I've never had anyone have a cell phone go off that didn't turn it off immediately, looking very embarrassed. This is a momentary oversight, not a Disrespectful Student. And it never happens in any class more than once per semester. This doesn't require a policy.
I don't take attendance. I tell them on the first day that high grades are correlated with frequent attendance. After that, it' s up to them. They're paying for their space in the class. It's their loss if they don't use it.
I have a boilerplate "Fine Print" in my one-page syllabus that reads as follows (tweaked for different classes' requirements):
"All assigned work and tests must be completed to receive a passing grade in the course. There will be no makeup quizzes. 1% per day will be deducted for assignments handed in after the due date. Appropriate paperwork must be provided for exceptions requested in cases of illness or family emergency. Breaches of academic integrity, as described in the University Policy on Academic Integrity (URL), will be severely penalized."
This covers everything I care about.
The grading rubrics are covered in the handouts for the assignments, which I give out later on. (Usually I haven't got them written by the first day anyway.)
I've never had a syllabus that took more than a page. I'm not sure how much else I would have to put on it. What are the other things that other people put on? I'm asking seriously. What are the policies you put on your syllabi?
@merely academic:
ReplyDeleteThere are policies on my syllabus for everything. Policies for lateness to class or with assignments, policies for class behavior, etc.

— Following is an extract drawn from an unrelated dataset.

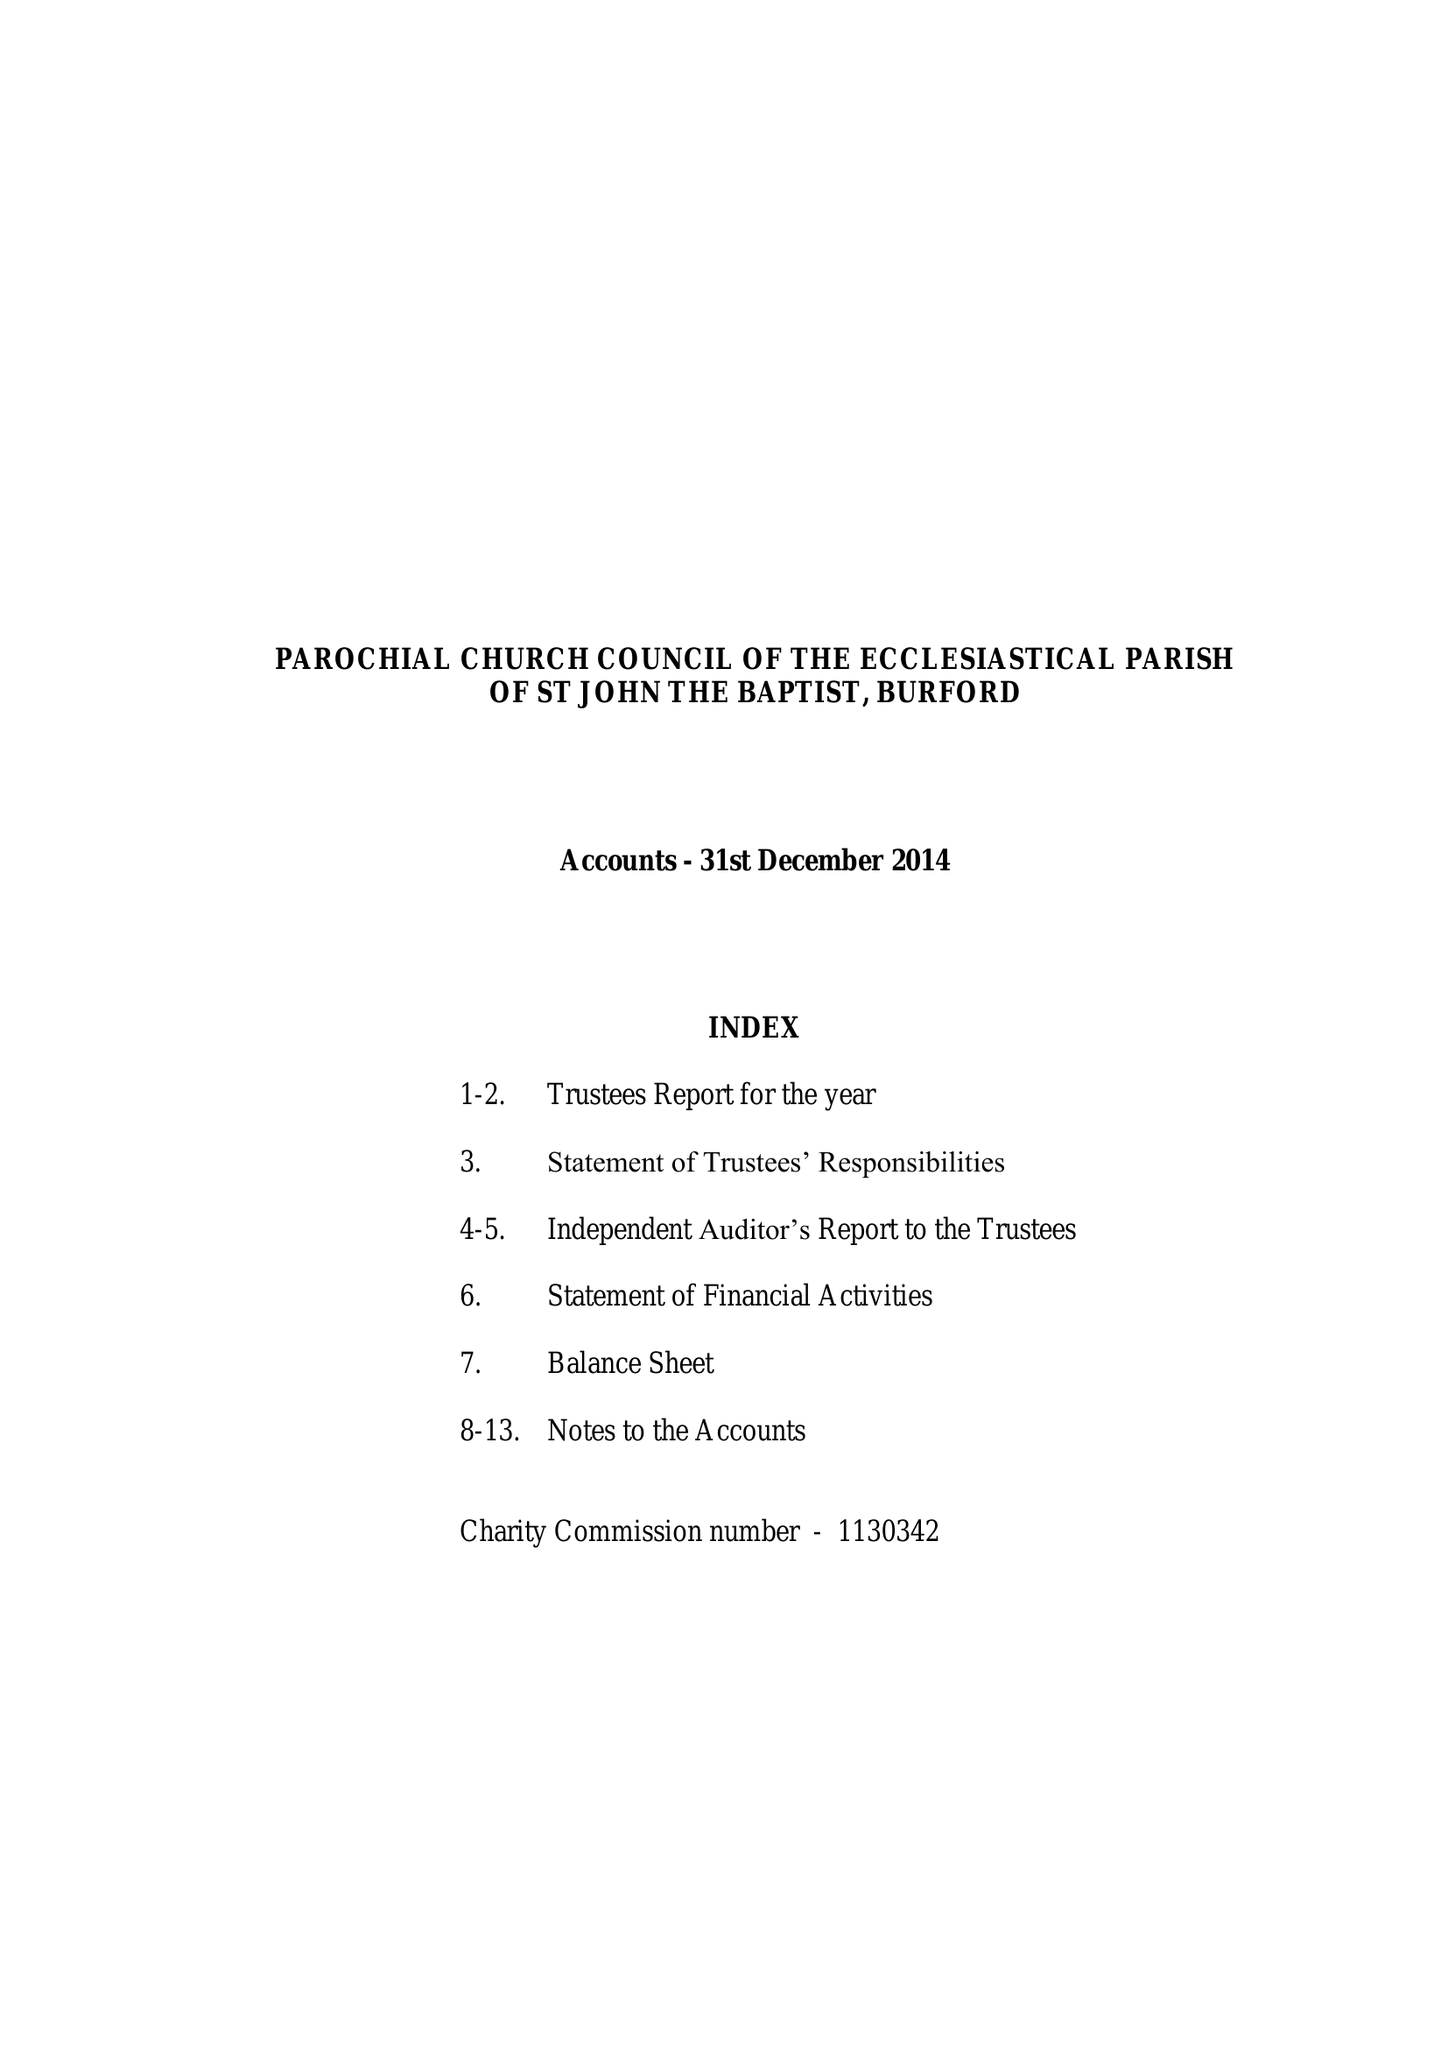What is the value for the income_annually_in_british_pounds?
Answer the question using a single word or phrase. 1035577.00

One example of something I had to tweak was the assignment deadline. I had only a date and penalties for lateness. So, over time what started happening was that students would want to turn in their papers later than class time, to the point where about half my class would come without their papers on the day they were due, and crowd around my desk at the end of class, asking when in the day was the latest they could turn it in. They had an in-class assignment that was ON their papers, and they didn't have them. Others would give me sob stories about their printer, etc.
As for homework assignments, there were students that would try to turn assignments in at the end of class, when the class revolved around going over their written assignments. Sneaky ones would sit in the back, writing down the "right" answers and then try to turn it in at the end of class. They know every trick in the book.
So, the policy is that papers/assignments are due at the beginning of class, or they are late, or cannot be turned in at all. Blackboard helps with this.
As for cell phones, when I started teaching there were none, so it wasn't a problem. Then there were few, and then more, and now everyone has one. Before I had the policy I do (students are counted late if their cell phone rings), just writing "please turn off your cell phone in class" on the syllabus didn't help a lot. Without a penalty, cell phones rang. Sometimes two or three times a class. Incredibly distracting.
Now, cell phones don't ring. They're careful because if they're not, it's not simply a matter of courtesy or embarrassment. It costs them. Where I teach, that is the only thing that works.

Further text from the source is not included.